PROBLEM DESCRIPTION = I would like each line of the data that holds the word "roll" copied out.

RECORDS PROVIDED =
- Opening Delimiter -

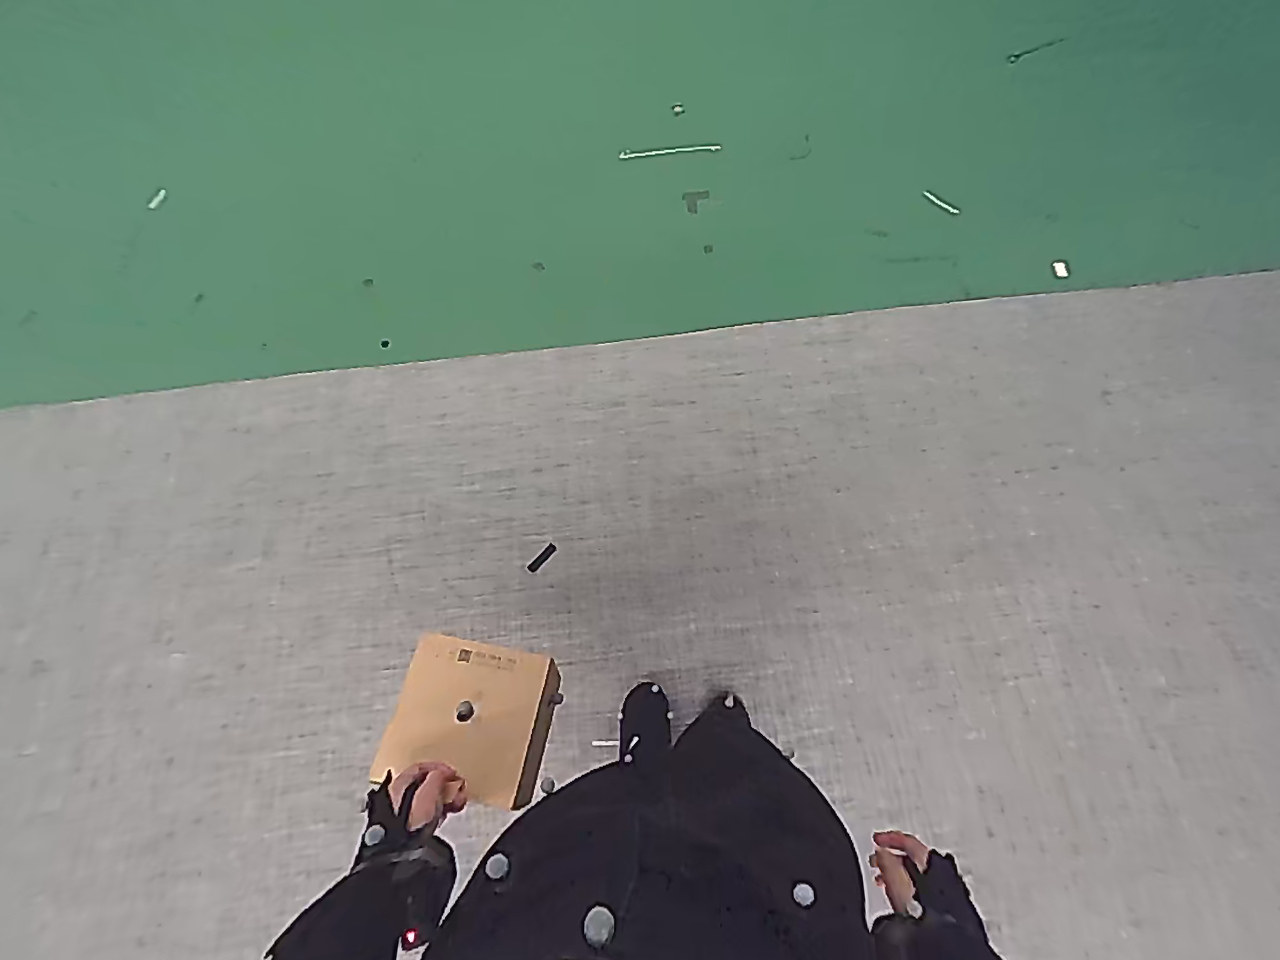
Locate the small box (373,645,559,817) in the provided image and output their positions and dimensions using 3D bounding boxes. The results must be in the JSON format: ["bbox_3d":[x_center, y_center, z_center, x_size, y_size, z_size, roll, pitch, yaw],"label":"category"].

- Closing Delimiter -
- Opening Delimiter -

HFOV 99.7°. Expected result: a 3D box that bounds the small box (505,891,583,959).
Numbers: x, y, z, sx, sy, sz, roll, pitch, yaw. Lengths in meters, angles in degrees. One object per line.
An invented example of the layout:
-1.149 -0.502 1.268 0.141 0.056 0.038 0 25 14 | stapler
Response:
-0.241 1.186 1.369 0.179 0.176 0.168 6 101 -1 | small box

- Closing Delimiter -

ANSWER =
Locate the small box (373,645,559,817) in the provided image and output their positions and dimensions using 3D bounding boxes. The results must be in the JSON format: ["bbox_3d":[x_center, y_center, z_center, x_size, y_size, z_size, roll, pitch, yaw],"label":"category"].
Numbers: x, y, z, sx, sy, sz, roll, pitch, yaw. Lengths in meters, angles in degrees. One object per line.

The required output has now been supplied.